With our solution, hospitals, providers, patients, and caregivers can benefit from adoption our platform. Earlier detection of serious foot complications can help reduce hospital re-admissions, saving the penalties that many hospitals face when they pay Medicare fines for readmissions. Physicians are incentivized by having better control of their schedules, having fewer emergency medical procedures, and by increasing revenue with the new CMS merit-based reimbursement program for remote monitoring. Patients and caregivers are looking for better continuous monitoring of health conditions and for utilizing technology for a more seamless and open communication channel with their doctors.
What inspired the business?
Prior to Bonbouton’s founding, our CEO was exploring a variety of use cases for graphene in his PhD, including energy storage, supercapacitor batteries, and most recently, wearable sensors that can detect heat, humidity, and even heart rhythm. With diabetics in both founders’ families, Linh and Ingrid are passionate about better detection and intervention in chronic disease and believe that technology refinements will allow us to seamlessly and unobtrusively monitor patient health.
Your company recently participated in Peak Pitch. Would you tell us about your experience?

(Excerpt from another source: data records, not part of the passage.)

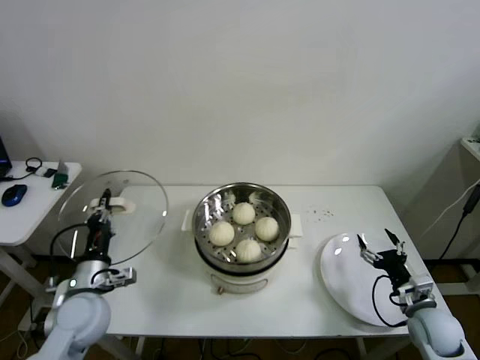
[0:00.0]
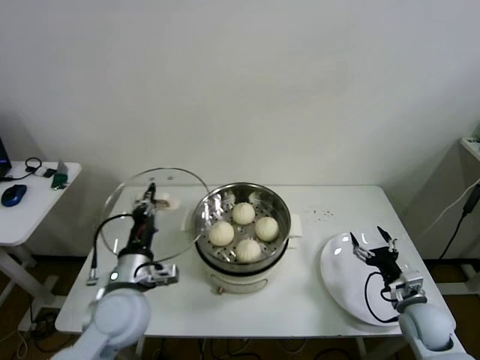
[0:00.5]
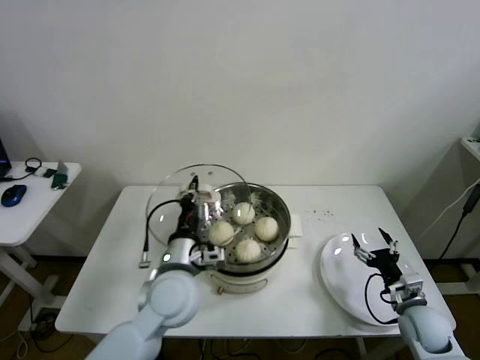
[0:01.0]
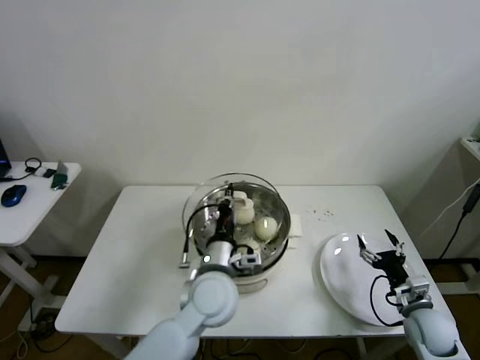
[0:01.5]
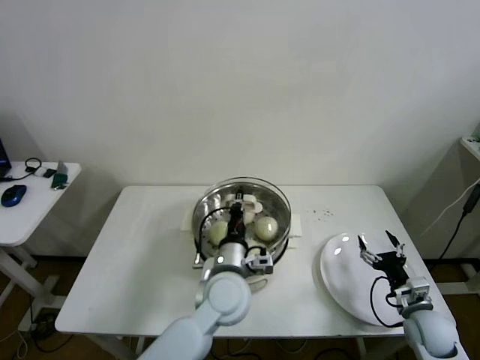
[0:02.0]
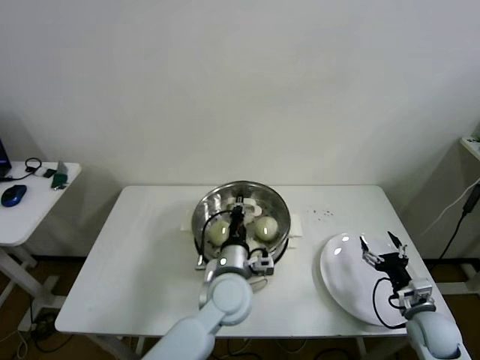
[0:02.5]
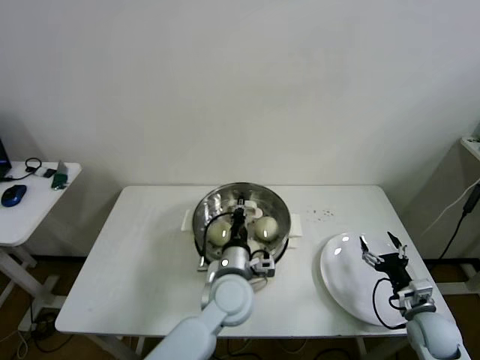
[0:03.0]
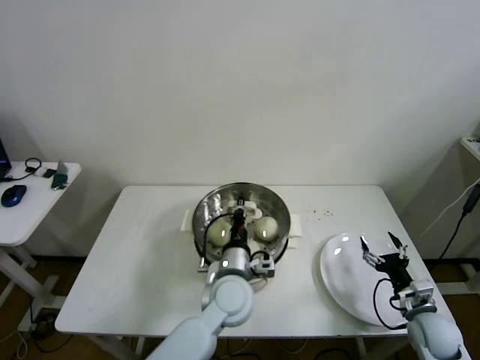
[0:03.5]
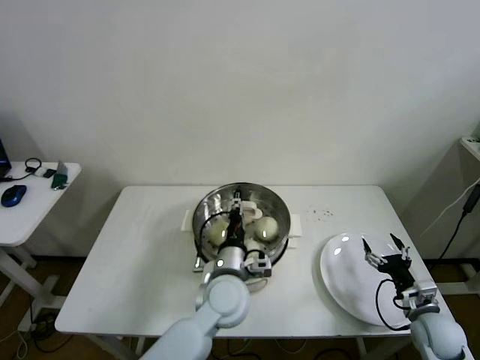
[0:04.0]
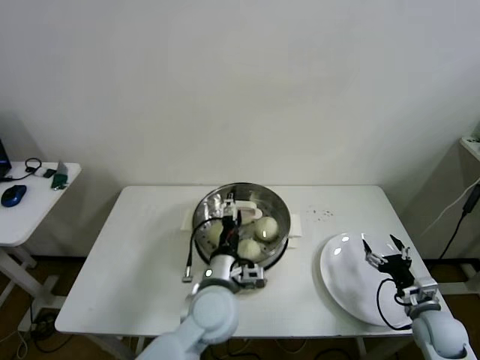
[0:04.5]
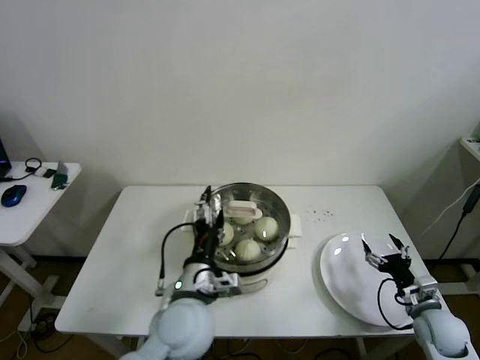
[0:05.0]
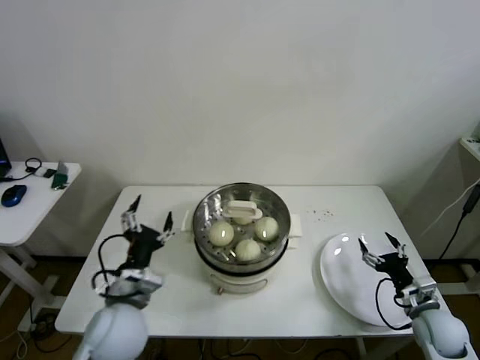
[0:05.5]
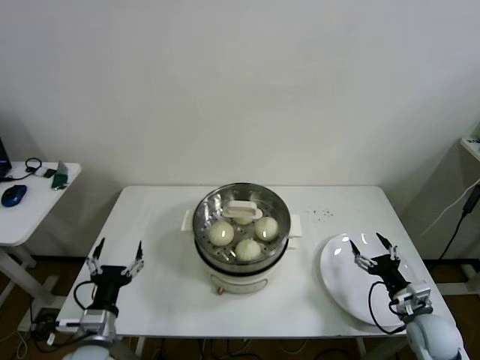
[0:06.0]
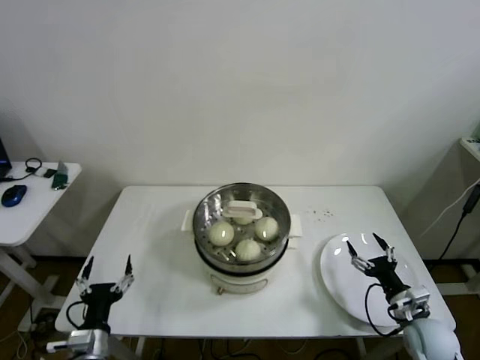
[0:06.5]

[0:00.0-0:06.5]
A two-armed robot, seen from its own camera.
Step, 0.0 to 4.0 s: Place the pot lid on the steamer with left gripper.
0.0 to 2.0 s: The left gripper shifts about 30 cm to the right.
2.0 to 4.5 s: The left gripper opens its fingers.
4.5 to 6.5 s: The left gripper travels to the left, backward and downward by approximately 30 cm.

This is the second time that Linh participated in Peak Pitch, and both times were wonderful experiences to connect with several top NYC-based investors and mingle with like-minded entrepreneurs. Linh feels honored to have won the Elon Musk Award for the most innovative company in the most recent Peak Pitch, where he shared the vision of the company and how graphene can be the enabling technology for the future of digital health. As a result of this exposure, the team has been able to follow up with several interested investors, and we would love to participate again next year.
What are the milestones that you plan to achieve within six months?
In six months, we are looking to further refine our next generation insoles and conduct clinical effectiveness studies in small patient groups.
What is the one piece of startup advice that you never got?
That building a medical device company is easy and requires a lot of luck!
If you could be put in touch with anyone in the New York community who would it be and why?
Michael Bloomberg, because he is the ultimate entrepreneur, visionary, and true New Yorker.
Why did you launch in New York?
New York is a city of incredible diversity, not just in culture, but in ideas, backgrounds, opportunities, and potential.
What’s your favorite restaurant in the city?
I’m gonna go with Sushi Nakazawa (Ingrid) and Le Colonial (Linh).